Best Mixes I by I 10.10.19

7 must-hear mixes from September 2019

It’s almost impossible to keep on top of everything that SoundCloud, Mixcloud and online radio has to offer. In our monthly column, FACT guides you through the must-hear mixes of the last 30 days, whether you want a club session to warm you up for the weekend, ambient soothers or a set of vinyl-only obscurities.

The late summer mix crop is often a good yield with virtual keepsakes of festival highlights and teasers of the coming season’s big records – but we’re already looking ahead. Among September’s essential mixes was CCL’s primer for this year’s Unsound Festival, happening now in Krakow, and a mixtape download from Finn celebrating a bumper year of club tunes in Manchester.

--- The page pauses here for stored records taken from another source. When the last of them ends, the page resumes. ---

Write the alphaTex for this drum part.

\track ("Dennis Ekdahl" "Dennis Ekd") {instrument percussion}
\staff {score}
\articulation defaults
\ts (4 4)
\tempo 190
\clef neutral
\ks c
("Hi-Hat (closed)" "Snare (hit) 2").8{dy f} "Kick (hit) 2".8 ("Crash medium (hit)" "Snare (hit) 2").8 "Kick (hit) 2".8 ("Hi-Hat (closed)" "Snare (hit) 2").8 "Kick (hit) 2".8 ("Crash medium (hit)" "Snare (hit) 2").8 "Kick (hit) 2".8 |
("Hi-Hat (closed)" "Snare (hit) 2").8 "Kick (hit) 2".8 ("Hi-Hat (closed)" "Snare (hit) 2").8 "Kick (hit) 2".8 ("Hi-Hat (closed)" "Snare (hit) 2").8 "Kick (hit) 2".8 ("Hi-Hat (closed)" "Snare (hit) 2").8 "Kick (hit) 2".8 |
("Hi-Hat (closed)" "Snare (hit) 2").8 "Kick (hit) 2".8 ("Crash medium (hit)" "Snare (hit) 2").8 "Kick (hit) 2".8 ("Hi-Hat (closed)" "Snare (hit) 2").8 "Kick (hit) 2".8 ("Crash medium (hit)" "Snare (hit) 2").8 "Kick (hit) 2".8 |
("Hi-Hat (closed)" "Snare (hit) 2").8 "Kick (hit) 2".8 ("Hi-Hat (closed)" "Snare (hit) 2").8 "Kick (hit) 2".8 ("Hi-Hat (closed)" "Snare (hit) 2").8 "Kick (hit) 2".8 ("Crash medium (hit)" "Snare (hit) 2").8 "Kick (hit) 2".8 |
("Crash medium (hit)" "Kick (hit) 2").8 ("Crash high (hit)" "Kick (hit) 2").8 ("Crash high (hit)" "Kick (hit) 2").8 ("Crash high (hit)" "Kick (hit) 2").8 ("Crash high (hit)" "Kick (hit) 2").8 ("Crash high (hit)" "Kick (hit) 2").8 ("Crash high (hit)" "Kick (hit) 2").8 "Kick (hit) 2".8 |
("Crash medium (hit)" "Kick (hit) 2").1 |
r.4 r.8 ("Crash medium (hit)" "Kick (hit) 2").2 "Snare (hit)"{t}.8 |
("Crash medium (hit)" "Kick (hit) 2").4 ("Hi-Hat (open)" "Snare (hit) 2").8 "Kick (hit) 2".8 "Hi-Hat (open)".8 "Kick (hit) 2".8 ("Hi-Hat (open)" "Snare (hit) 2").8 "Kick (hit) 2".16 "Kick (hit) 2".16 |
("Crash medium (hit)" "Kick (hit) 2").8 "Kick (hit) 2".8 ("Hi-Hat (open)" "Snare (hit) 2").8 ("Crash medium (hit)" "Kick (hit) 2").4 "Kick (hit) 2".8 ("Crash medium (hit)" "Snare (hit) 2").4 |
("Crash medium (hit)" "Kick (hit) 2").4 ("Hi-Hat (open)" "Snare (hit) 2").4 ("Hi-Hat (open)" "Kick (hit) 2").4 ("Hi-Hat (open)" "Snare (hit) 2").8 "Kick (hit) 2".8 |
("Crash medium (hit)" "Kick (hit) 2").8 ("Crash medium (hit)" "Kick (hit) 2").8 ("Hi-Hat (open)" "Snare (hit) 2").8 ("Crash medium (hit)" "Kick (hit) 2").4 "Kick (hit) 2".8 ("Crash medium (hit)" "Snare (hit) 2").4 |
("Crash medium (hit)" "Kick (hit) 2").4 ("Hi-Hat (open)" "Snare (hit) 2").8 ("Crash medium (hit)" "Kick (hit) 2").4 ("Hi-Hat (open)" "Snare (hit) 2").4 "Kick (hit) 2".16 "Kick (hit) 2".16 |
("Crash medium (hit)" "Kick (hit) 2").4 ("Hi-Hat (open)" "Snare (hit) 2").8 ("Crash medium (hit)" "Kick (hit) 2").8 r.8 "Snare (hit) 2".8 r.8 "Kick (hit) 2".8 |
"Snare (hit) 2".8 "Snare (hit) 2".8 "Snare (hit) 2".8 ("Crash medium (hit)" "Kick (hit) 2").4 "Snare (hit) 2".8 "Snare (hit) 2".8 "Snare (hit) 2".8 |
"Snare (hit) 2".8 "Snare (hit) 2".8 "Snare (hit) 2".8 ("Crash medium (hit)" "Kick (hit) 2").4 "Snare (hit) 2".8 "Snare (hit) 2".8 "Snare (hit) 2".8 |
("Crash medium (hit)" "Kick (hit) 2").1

L U C Y reps the future of UK bass in a mix packed with dubs from her friends and cohorts, while we catch LSDXOXO and Lena Willikens both operating at a different tempo and pace in two unique sets. Plus, blasted techno and breaks from a San Francisco expert and a bizarre journey through the archives of an arcade classic.

Finn – Tryin’ It!
A Manchester celebration from the 2 B Real chief

This special end-of-season mixtape from Finn, warmly treasured as one of Manchester’s most talented DJs, celebrates a great year for the city’s club underground. Moving deftly between chunky ‘90s beats (Robert Miles, Satin Storm), peppy filter house (Finn’s own ‘Scandalous Little Number’) and a raft of jackin’, uptempo cuts, including a few bits set to be released on his 2 B Real label. Look out for cuts from Martyn Bootyspoon, Gage and mysterious Mancunian producer Michael J. Blood.

CCL for Unsound
Shunted grooves ahead of this year’s trip to Krakow

In the run-up to this year’s Unsound, Seattle’s CCL provided some fittingly wiggy entrance music for the FOMO-inducing festival. Opening with the crepuscular crawl of Poland’s Fischerle, the mix wades through a muddy stack of hard-hitting, half-waterlogged material. No tracklist but bass contortions and shunted grooves have been identified as coming from Bristol’s Forest Drive West and Lurka. There’s a killer mutant dancehall riddim in there, too.

DJ CZ for The Bunker
Blasted techno and breaks from the Left Hand Path boss

All hail San Francisco’s DJ CZ, whose Surface Tension club night and Left Hand Path label have become havens for blasted industrial weirdness out there on the smiley-happy West Coast. His mix for The Bunker operates in the dark and slippery territory between techno and drum ‘n’ bass, stretching back to early ’90s Mille Plateaux and right up to present day heavies like Simo Cell, Hodge and Forests 森林.

L U C Y for SZNS7N
Eclectic bass maneuvers from Bristol’s rising star

Bristol bass producer L U C Y kicks off a new mix series for her own SZNS7N label, home to MUHLA, Raheim and the masked woman’s own debut EP. Fast and aggressive yet stylishly eclectic, it’s packed with dubs from rising producers (like her 6 Figure Gang cohort Yazzus) and features her own refix of Objekt’s now-classic ‘Theme From Q’.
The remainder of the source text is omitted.